--- EXERCISE MATERIALS ---
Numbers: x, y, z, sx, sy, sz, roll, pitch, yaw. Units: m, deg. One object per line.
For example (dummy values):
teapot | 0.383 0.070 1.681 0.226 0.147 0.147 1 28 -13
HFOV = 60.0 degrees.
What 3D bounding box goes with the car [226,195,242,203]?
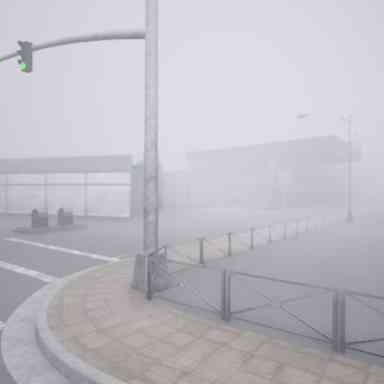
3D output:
car | 7.564 1.318 62.732 2.242 1.667 4.611 0 0 36
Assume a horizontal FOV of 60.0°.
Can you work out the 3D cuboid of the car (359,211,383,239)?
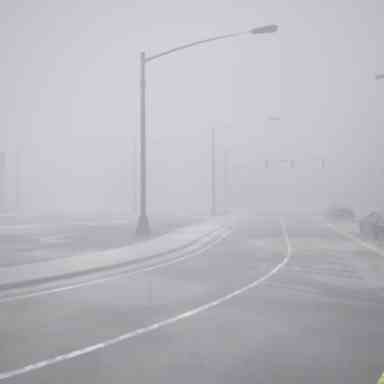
[{"bbox_3d":[10.789,1.765,18.619,1.812,1.442,4.674,-1,-1,15],"label":"car"}]

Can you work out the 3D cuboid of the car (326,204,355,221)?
[{"bbox_3d":[14.109,1.906,31.805,1.882,1.535,5.008,-1,-1,14],"label":"car"}]
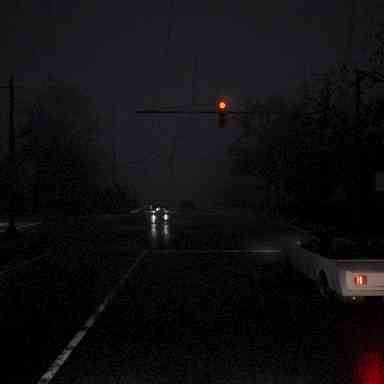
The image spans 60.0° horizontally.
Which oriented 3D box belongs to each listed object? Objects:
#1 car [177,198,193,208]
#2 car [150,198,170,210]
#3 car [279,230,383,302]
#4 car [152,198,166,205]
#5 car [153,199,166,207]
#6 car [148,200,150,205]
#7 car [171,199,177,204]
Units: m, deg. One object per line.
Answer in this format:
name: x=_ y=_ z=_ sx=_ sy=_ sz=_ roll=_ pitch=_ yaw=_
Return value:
car: x=-0.902 y=1.644 z=50.637 sx=1.882 sy=1.535 sz=5.008 roll=0 pitch=-1 yaw=-5
car: x=-4.075 y=1.596 z=42.810 sx=1.812 sy=1.442 sz=4.674 roll=0 pitch=-1 yaw=-3
car: x=3.589 y=1.601 z=8.196 sx=1.895 sy=1.301 sz=4.718 roll=0 pitch=0 yaw=0
car: x=-8.268 y=2.388 z=82.998 sx=2.128 sy=1.511 sz=4.902 roll=0 pitch=-1 yaw=-25
car: x=-6.055 y=1.960 z=61.711 sx=1.994 sy=1.385 sz=4.181 roll=0 pitch=-1 yaw=-10
car: x=-8.403 y=2.148 z=72.775 sx=1.837 sy=1.490 sz=4.892 roll=0 pitch=-1 yaw=-16
car: x=-4.659 y=2.381 z=83.374 sx=2.033 sy=1.411 sz=5.357 roll=0 pitch=-1 yaw=-22
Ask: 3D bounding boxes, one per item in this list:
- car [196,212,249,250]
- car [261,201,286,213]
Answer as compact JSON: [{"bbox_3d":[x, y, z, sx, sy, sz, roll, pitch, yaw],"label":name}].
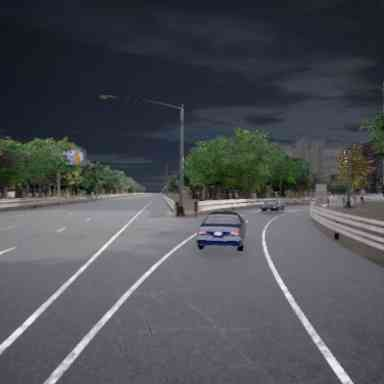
[{"bbox_3d":[1.415,1.559,14.514,2.033,1.411,5.357,0,0,11],"label":"car"},{"bbox_3d":[9.322,1.650,37.855,1.895,1.301,4.718,0,0,27],"label":"car"}]
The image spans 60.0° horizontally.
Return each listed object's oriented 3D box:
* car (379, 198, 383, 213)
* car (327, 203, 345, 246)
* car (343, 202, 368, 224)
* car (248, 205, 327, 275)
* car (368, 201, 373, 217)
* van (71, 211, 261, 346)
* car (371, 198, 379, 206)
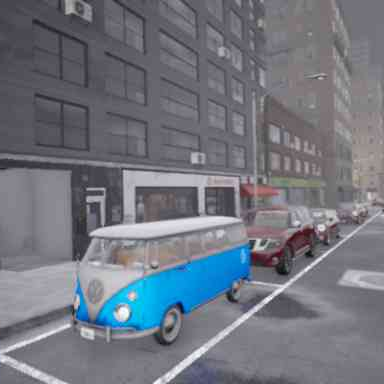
[{"bbox_3d":[22.711,1.270,37.425,2.150,2.045,5.566,-1,-1,33],"label":"car"},{"bbox_3d":[5.726,1.528,15.740,1.967,1.590,4.097,-2,-1,33],"label":"car"},{"bbox_3d":[11.761,1.535,25.141,1.967,1.590,4.097,-2,-1,33],"label":"car"},{"bbox_3d":[2.705,1.399,11.042,2.192,1.841,5.009,-2,-1,33],"label":"car"},{"bbox_3d":[14.782,1.679,29.839,1.802,1.307,4.206,-2,-1,33],"label":"car"},{"bbox_3d":[-0.312,1.421,6.341,1.690,1.788,3.998,-2,-1,33],"label":"van"},{"bbox_3d":[29.869,1.645,53.342,1.887,1.381,4.507,-2,-1,33],"label":"car"}]
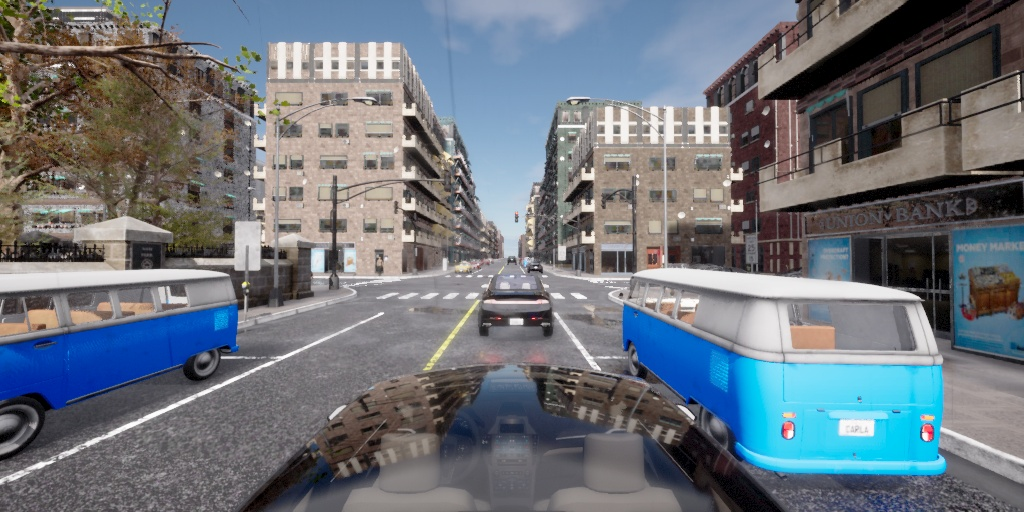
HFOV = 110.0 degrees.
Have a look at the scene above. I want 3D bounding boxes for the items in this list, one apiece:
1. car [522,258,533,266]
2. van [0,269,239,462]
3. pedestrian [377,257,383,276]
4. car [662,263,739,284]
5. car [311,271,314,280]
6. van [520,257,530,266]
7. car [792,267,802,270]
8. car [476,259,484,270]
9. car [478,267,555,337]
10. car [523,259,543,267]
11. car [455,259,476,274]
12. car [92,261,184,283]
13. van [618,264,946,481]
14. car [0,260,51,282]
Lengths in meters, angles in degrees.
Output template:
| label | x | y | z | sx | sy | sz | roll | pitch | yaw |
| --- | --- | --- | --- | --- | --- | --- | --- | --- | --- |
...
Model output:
| label | x | y | z | sx | sy | sz | roll | pitch | yaw |
| --- | --- | --- | --- | --- | --- | --- | --- | --- | --- |
| car | 2.693 | 1.319 | 48.214 | 2.007 | 1.370 | 4.403 | 0 | 0 | 0 |
| van | -5.656 | 1.092 | 4.627 | 1.690 | 1.789 | 3.998 | 0 | 0 | 0 |
| pedestrian | -12.537 | 0.969 | 34.014 | 0.375 | 1.860 | 0.375 | 0 | -1 | 1 |
| car | 14.715 | 1.356 | 28.149 | 5.008 | 1.535 | 1.882 | 1 | -1 | 1 |
| car | -16.586 | 1.000 | 25.322 | 4.553 | 1.767 | 2.097 | 0 | -1 | 1 |
| van | 2.694 | 1.114 | 59.498 | 1.690 | 1.789 | 3.998 | 0 | 0 | 0 |
| car | 24.997 | 1.462 | 28.025 | 4.674 | 1.442 | 1.812 | 0 | -1 | 1 |
| car | -5.687 | 1.211 | 53.857 | 1.967 | 1.591 | 4.097 | 0 | 0 | 0 |
| car | 0.100 | 1.244 | 10.354 | 2.128 | 1.511 | 4.902 | 0 | 0 | 0 |
| car | 2.693 | 1.331 | 42.571 | 1.948 | 1.339 | 4.313 | 0 | 0 | 0 |
| car | -5.687 | 1.291 | 42.401 | 1.751 | 1.417 | 4.829 | 0 | 0 | 0 |
| car | -26.412 | 1.120 | 25.438 | 4.674 | 1.442 | 1.812 | 0 | -1 | 1 |
| van | 2.659 | 1.092 | 4.625 | 1.690 | 1.789 | 3.998 | 0 | 0 | 0 |
| car | -36.511 | 1.045 | 25.566 | 4.892 | 1.490 | 1.837 | 0 | -1 | 1 |
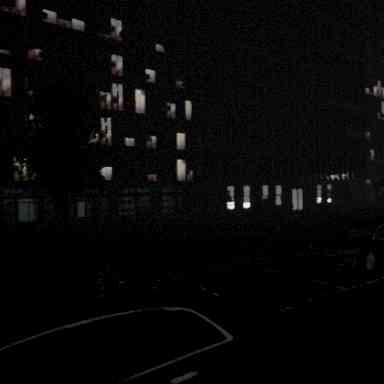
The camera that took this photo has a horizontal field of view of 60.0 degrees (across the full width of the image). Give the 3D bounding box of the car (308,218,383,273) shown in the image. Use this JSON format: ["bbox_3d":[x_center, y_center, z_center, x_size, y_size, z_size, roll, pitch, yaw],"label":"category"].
[{"bbox_3d":[5.439,1.537,10.449,4.403,1.369,2.008,0,-1,-35],"label":"car"}]

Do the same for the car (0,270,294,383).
[{"bbox_3d":[-1.301,1.504,2.451,4.892,1.490,1.837,0,0,-35],"label":"car"}]
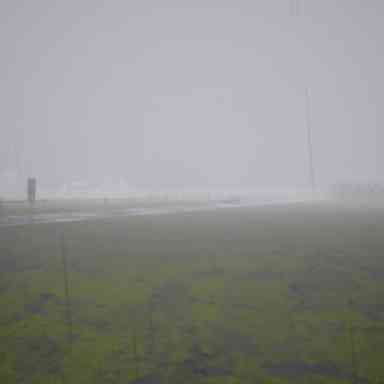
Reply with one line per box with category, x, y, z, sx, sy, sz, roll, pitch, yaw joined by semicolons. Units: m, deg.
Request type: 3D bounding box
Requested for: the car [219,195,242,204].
car;6.463;1.287;55.551;2.033;1.411;5.357;1;1;34
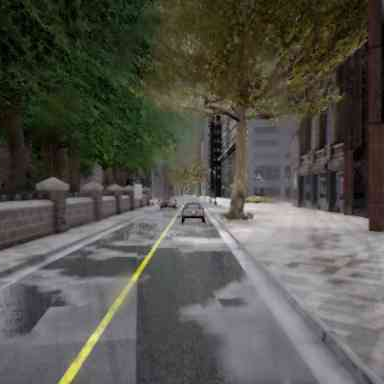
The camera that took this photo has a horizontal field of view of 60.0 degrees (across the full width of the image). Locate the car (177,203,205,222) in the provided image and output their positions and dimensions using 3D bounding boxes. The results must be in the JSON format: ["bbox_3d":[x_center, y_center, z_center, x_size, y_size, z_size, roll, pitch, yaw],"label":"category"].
[{"bbox_3d":[0.097,1.564,26.787,2.033,1.411,5.357,0,0,0],"label":"car"}]

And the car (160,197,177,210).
[{"bbox_3d":[-3.037,1.405,43.861,2.097,1.767,4.553,0,0,1],"label":"car"}]

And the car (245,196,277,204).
[{"bbox_3d":[12.345,1.413,58.130,4.829,1.417,1.752,-1,1,0],"label":"car"}]

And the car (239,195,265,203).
[{"bbox_3d":[12.027,1.415,66.656,4.829,1.417,1.752,-1,1,0],"label":"car"}]
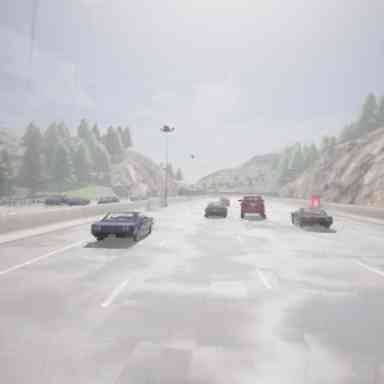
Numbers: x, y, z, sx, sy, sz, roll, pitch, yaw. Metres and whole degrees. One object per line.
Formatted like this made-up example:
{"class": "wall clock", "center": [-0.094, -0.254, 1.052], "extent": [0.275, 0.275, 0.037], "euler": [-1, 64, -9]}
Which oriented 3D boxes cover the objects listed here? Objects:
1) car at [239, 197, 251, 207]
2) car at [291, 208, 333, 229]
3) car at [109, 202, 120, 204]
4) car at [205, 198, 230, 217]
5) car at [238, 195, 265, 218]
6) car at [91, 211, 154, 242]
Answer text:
{"class": "car", "center": [8.813, 1.663, 55.263], "extent": [1.812, 1.442, 4.674], "euler": [1, 0, 7]}
{"class": "car", "center": [8.027, 1.717, 22.742], "extent": [1.895, 1.301, 4.718], "euler": [1, 0, 7]}
{"class": "car", "center": [-12.867, 1.393, 52.129], "extent": [2.033, 1.411, 5.357], "euler": [1, 0, 8]}
{"class": "car", "center": [2.364, 1.607, 32.019], "extent": [1.994, 1.385, 4.181], "euler": [1, 0, 8]}
{"class": "car", "center": [5.774, 1.310, 31.950], "extent": [2.150, 2.045, 5.566], "euler": [1, 0, 8]}
{"class": "car", "center": [-3.139, 1.564, 16.161], "extent": [1.895, 1.301, 4.718], "euler": [1, 0, 5]}
---
▶ _THE TASK_:
Scan the entries above for the string "Which" and copy each line that contains it.

▶ _OUTPUT FOR THIS EXERCISE_:
Which oriented 3D box belongs to each listed object? Objects:
Which oriented 3D boxes cover the objects listed here? Objects:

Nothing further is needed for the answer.